A wonderful example of the utility of this approach can be found in the work of Gavin Wright, an economic historian who has written widely on two subjects of particular relevance here: the American South, and the distinctiveness of American technology. Much of his work highlights the ways in which nations and regions can gravitate toward distinctive technological regimes that persist across time, when we might expect them to converge on a common store of techniques and processes.38 Wright shows us, for example, that from the Civil War until O’Connor’s day, the South remained a low-wage region in a high-wage nation, so that the distinctive technologies developed for the high-wage, mineral-rich North and West offered little advantage to the region.39 In another work, Wright confronts the question of why industrial countries did not converge rapidly on a common set of technologies in the middle decades of the twentieth century.40

In explaining the stickiness of national and regional differences, scholars such as Wright exhibit a rich understanding of concepts and evidence generated by historians of technology. They exhibit great respect for the sort of learning technologists derive from actual practice.41 Unlike many historians of technology, however, these historians are willing to assess the magnitude of such phenomena and to situate developments in historical time.

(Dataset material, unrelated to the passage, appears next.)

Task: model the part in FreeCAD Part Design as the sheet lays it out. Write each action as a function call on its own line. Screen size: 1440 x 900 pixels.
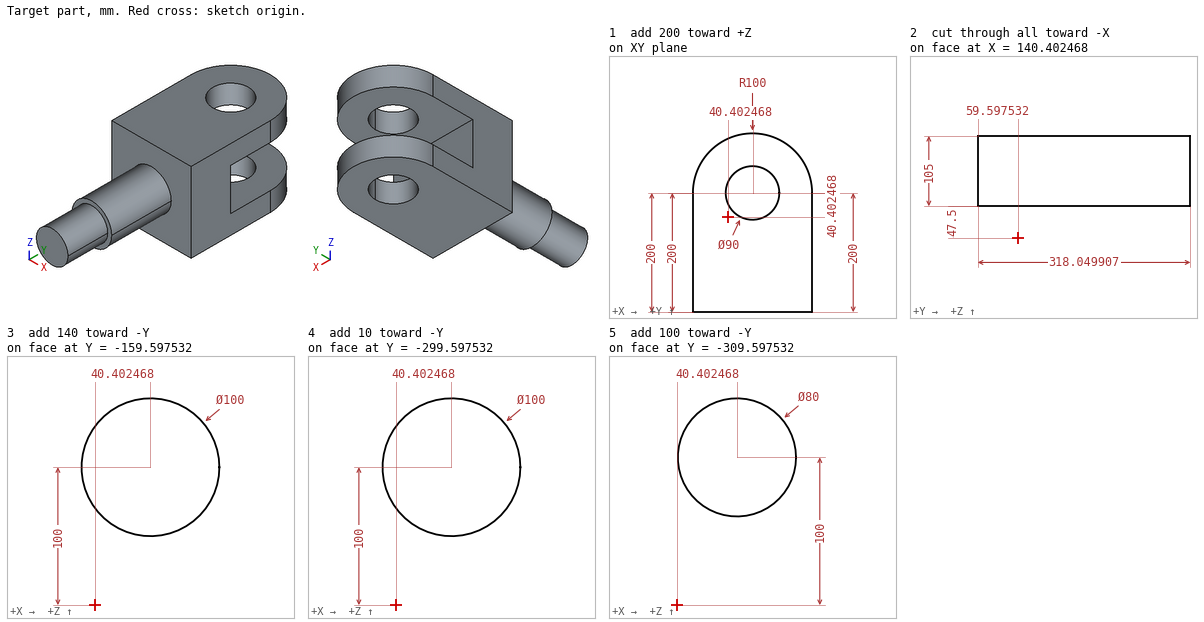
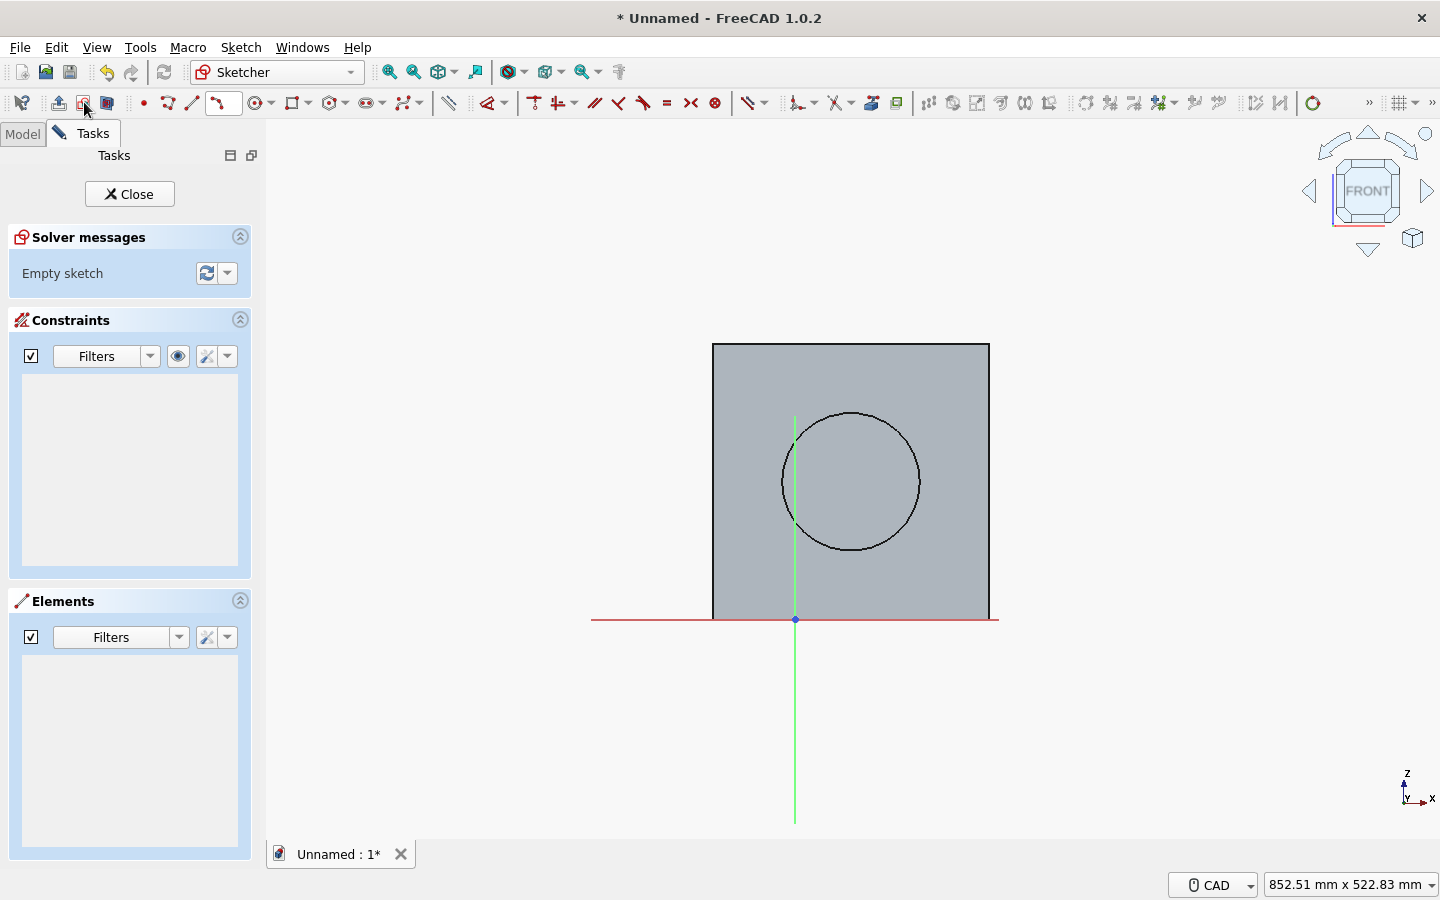
scroll(905, 559, up, 4)
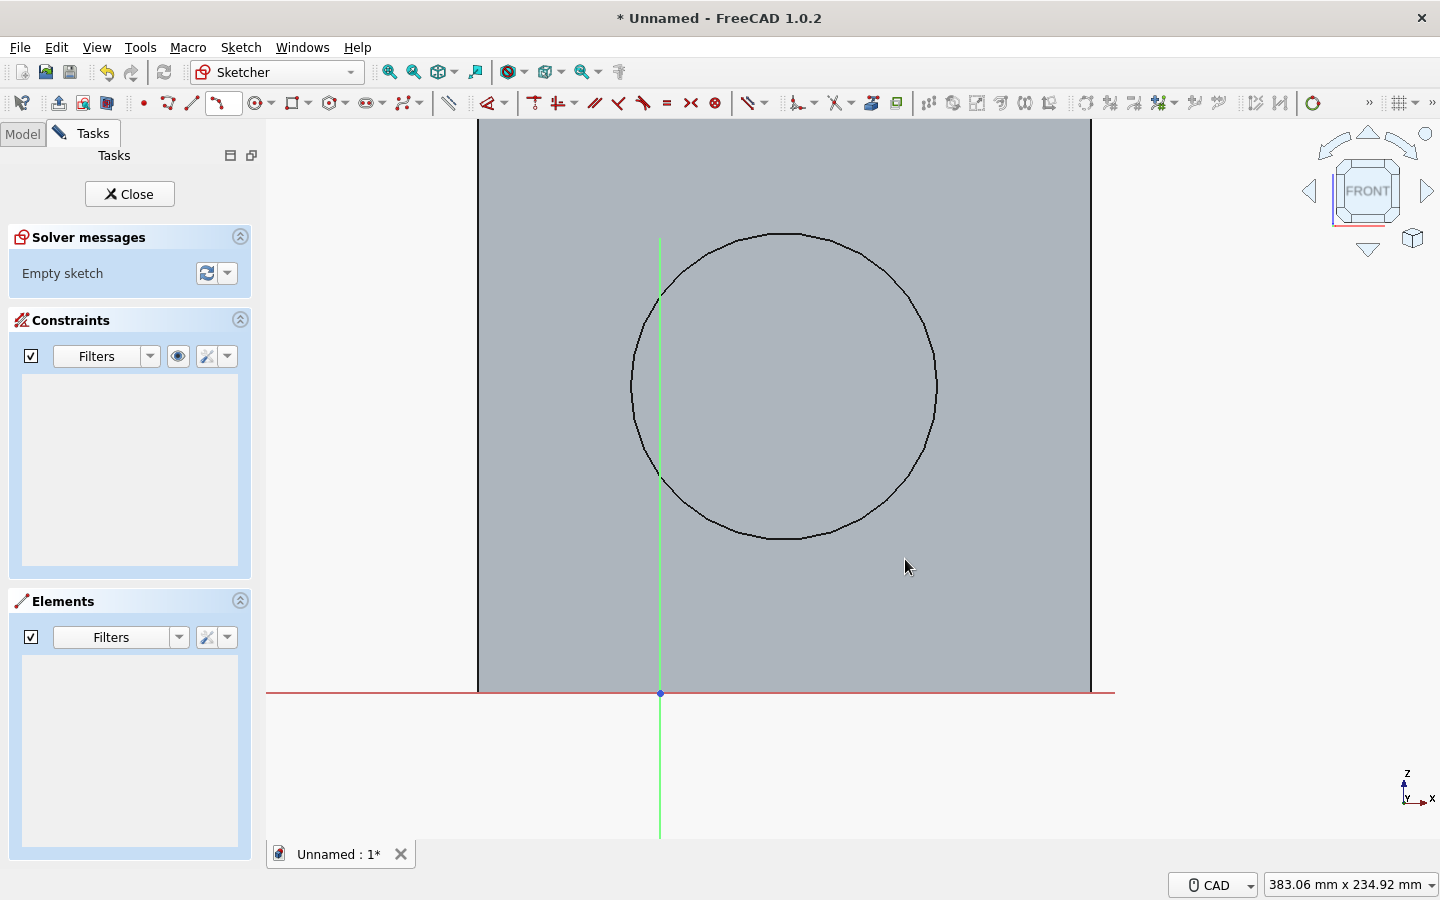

Perhaps one reason we have been slow to embrace such scholarship has been our relentless pursuit of the concept of social construction. As our field grew more diverse, this concept emerged as our most transcendent universal principle, a means of linking our various and sundry stories. This was an admirable aim, driven by the best of intentions, and there is no question that it yielded real benefits. Certainly it is very evident in my own work. But as O’Connor would tell us, it was also limiting. Ironically, our insistence on demonstrating social construction often bred a new internalism, for it encouraged us to focus ultimately on the technological outcome rather than the social one. In attempting to situate our stories within an evolving shared discourse among historians of technology, we extract from them abstract concepts pertaining to a universal process of technical change. In so doing, we uproot them from time and place—from their particular historical contexts.42

This state of affairs reflects the inherent tendencies of all disciplines to grow ever more specialized and inward-looking. Still, we would do well to guard against them. For in tracing this arc, we run the risk of removing technology fromhistory.43We lose track of the scale of phenomenon we are considering, and we neglect the fundamental truth that most people experience most technologies not through a process characterized by construction but through something more akin to challenge and response—with technology posing the challenge rather than providing the response. (Roe Smith, you might recall, subtitled his book “the challenge of change.”) Indeed, the response typically is quite constrained by the technology. The bomb falls, and it is felt on the banks of the Oconee. The fact that the bomb was socially constructed within a political economy that included those folks along the Oconee should not keep us from recognizing it as an exogenous event in their lives.44

Now, what I am suggesting here will strike many among you as anathema. It smacks of determinism, of technology driving history. For a few of you, it might also seem incongruent with my own scholarship. I don’t find it so. When my publisher insisted on inserting the word “railroad” between “regulating” and “innovation” in the title of my book, I sacrificed the intended double meaning—“Regulating Innovation.” For in my mind, the question was entirely open as to whether railroad technology and innovation were being regulated or doing the regulating. I saw my study as an extended meditation upon this issue, as an exercise in comprehending precisely what was negotiable (within the United States) about the course of change associated with railroading. The same objective has animated my studies of computing and information processing across the twentieth century. And in each case, I find anything but a blank slate.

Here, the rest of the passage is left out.